Langer’s team also demonstrated how beliefs impacted fitness. They asked housekeeping staff in hotels whether they got any exercise. Since the staff believed that exercise was what you did after work, they said no. The team showed them how elements of their work, like walking and turning over mattresses, constituted cardiovascular activity. With only altered beliefs around exercise and no change in workload, participants lost weight and built muscle. Mindsets also determine our energy levels from sleep. In WLanger’s sleep lab, participants slept while the team secretly adjusted the clocks on the wall to run at double or half their normal pace. After participants woke up, their energy markers varied based not on the actual time they slept but on their perception of time, depending on the clock they saw.

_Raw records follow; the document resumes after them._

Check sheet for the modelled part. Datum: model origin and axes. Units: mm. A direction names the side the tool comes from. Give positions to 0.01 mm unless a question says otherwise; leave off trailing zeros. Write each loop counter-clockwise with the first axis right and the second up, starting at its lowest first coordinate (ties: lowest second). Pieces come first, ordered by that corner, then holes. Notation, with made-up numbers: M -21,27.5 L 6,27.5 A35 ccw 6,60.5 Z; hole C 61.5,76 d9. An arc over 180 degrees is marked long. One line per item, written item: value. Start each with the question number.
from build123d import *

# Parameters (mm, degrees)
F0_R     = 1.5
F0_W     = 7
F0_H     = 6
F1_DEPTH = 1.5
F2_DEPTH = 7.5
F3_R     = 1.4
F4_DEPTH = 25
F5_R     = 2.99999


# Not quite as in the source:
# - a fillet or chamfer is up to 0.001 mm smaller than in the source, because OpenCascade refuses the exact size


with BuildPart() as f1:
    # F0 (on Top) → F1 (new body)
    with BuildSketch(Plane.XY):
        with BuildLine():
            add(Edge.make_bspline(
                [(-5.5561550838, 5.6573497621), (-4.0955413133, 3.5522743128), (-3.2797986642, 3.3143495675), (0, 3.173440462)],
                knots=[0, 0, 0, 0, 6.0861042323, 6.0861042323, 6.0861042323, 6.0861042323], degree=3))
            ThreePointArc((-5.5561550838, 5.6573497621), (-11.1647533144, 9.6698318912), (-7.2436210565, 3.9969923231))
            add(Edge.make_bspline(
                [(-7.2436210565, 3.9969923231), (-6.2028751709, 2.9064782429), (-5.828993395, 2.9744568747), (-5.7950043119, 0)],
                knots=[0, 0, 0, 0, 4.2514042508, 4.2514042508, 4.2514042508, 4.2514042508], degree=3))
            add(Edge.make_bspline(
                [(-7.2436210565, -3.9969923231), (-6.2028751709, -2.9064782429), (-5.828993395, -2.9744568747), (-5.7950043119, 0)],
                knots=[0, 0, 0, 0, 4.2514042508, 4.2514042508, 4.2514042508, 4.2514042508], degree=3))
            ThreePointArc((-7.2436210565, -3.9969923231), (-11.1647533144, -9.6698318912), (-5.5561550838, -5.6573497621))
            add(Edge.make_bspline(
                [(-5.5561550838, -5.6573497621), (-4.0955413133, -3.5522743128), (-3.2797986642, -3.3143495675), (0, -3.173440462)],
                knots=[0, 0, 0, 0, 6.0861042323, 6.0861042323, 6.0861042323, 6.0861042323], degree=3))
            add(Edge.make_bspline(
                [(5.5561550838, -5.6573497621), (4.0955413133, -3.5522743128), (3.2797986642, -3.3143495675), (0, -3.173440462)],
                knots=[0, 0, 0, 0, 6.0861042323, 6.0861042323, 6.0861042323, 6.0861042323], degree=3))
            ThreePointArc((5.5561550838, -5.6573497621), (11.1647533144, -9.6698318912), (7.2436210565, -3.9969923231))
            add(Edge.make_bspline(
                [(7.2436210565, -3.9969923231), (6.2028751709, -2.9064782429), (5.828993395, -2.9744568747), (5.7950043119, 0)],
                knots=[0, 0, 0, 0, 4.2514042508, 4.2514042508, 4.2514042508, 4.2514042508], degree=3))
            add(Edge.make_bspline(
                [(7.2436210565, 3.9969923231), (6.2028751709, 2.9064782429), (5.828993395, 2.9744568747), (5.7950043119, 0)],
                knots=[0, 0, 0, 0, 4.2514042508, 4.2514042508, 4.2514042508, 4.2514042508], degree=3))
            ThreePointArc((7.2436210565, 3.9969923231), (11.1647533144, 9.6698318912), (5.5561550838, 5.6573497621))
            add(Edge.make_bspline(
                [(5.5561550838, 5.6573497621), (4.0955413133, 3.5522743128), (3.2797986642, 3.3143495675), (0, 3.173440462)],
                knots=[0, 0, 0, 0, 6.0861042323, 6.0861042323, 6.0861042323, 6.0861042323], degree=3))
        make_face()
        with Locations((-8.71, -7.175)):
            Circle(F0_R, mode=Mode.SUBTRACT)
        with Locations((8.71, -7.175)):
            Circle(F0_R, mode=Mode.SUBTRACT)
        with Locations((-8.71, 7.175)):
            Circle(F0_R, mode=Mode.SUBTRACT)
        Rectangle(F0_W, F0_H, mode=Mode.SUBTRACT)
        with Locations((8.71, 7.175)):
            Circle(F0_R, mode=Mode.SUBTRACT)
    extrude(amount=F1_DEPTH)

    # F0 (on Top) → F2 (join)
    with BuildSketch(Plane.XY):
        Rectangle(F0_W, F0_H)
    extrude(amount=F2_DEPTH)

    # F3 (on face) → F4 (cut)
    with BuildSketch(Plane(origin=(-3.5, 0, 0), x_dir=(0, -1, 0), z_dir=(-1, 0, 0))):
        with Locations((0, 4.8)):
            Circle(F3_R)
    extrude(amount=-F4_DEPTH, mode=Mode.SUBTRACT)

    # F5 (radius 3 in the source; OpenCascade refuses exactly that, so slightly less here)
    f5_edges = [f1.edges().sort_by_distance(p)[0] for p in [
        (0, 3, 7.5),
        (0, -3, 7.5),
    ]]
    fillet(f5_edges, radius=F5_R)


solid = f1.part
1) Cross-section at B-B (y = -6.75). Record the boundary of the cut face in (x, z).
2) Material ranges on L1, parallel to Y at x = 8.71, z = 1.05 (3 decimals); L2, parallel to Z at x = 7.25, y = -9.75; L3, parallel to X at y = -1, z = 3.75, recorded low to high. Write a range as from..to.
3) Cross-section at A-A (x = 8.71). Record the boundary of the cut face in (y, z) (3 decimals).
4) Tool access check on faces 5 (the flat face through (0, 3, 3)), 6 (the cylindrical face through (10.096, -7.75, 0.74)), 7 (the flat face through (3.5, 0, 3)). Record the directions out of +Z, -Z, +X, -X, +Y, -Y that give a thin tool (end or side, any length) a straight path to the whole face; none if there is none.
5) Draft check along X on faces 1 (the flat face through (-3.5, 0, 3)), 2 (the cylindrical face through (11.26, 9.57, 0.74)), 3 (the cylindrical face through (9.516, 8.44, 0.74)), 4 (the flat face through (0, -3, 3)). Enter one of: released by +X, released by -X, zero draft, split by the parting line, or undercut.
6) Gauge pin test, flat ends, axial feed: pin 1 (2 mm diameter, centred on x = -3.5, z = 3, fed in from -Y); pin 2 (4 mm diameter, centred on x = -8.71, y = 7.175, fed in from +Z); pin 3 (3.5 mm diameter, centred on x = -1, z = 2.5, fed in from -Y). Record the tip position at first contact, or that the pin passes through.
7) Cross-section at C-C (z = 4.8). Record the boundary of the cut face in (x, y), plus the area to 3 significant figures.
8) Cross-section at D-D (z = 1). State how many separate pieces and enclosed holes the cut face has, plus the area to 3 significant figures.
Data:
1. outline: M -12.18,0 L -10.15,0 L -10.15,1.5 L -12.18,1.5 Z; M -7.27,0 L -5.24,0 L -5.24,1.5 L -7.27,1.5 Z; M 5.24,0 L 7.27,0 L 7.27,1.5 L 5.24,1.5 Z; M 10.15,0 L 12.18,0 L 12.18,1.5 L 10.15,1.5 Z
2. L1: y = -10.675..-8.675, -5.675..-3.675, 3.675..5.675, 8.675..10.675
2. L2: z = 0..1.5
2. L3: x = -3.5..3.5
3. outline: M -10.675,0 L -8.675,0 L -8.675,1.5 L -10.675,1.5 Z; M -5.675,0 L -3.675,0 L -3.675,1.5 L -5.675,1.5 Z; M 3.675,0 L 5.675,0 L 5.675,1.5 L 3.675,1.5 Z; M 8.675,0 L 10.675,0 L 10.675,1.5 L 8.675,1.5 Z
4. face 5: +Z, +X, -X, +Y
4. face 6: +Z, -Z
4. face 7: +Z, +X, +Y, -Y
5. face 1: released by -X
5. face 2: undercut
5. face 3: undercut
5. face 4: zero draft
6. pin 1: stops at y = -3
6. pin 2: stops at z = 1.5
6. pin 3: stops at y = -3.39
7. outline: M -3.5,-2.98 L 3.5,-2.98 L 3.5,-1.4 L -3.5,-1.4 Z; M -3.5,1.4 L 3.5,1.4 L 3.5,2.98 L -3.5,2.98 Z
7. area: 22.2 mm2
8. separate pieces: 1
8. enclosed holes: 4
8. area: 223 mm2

The point isn’t that we have no limits, but that we don’t know what our limits are. If you start with mental limits, your body limits itself physically. Langer’s study shows that when you ask healthy people to do 100 jumping jacks, they get tired at around 70, but if you ask a similar group to do 200 jumping jacks, they are fatigued at around 140. Fatigue is thus a mental construct and its markers are contextual: this is why you are exhausted from a long day at work, than when you play cricket with your child for hours. Similarly, Langer noticed that people experienced difficulty reading alphabets about two-thirds down the list on eye tests; she designed a test where the starting letters were themselves two-thirds the original size. Unsurprisingly, patients were able to read until two-thirds down the list, where letters were much smaller than usual. Physical phenomena are thus subjective: all ‘objective’data, medical or otherwise, must be considered probabilistic, not absolute.

Consider the CAT exam whose cutoff for IIMs hovers around 98 percentile. If your child makes 98, they are labelled brilliant and if they make 97, they are labelled no-good, even though there is objectively little difference between 97 and 98. Is that sensible? In another Langer experiment, doctors advised prediabetic patients that their sugar levels put them at high risk for diabetes. Patients with sugar levels right below prediabetic were advised that they weren’t at risk. Prediabetic patients were more likely to test diabetic in subsequent checkups. I am not suggesting that you ignore your physician, please don’t. Understand, however, that every diagnosis is probabilistic, not absolute. It is when we take medical advice as absolute, like ‘I’ll never run again because of arthritis’that we limit our bodies.

How can you apply this to your daily life? Langer advises us to be mindful of physical variability. Check in with yourself daily at irregular intervals by setting alarms on your phone. Even if you are in chronic pain, you likely have moments of calm amid the agony. At each interval, ask yourself, ‘how am I feeling, and why?’ When you feel positive, notice what you did within your control to cause that. Instead of always feeling tired, you will notice it happens under specific conditions, and you will look for ways to avoid them. That’s mindful living. Your body changes all the time, so paying attention to it opens up the possibility of recovery, weight loss or healthy ageing.

Excellent health starts with your mind. Mind it.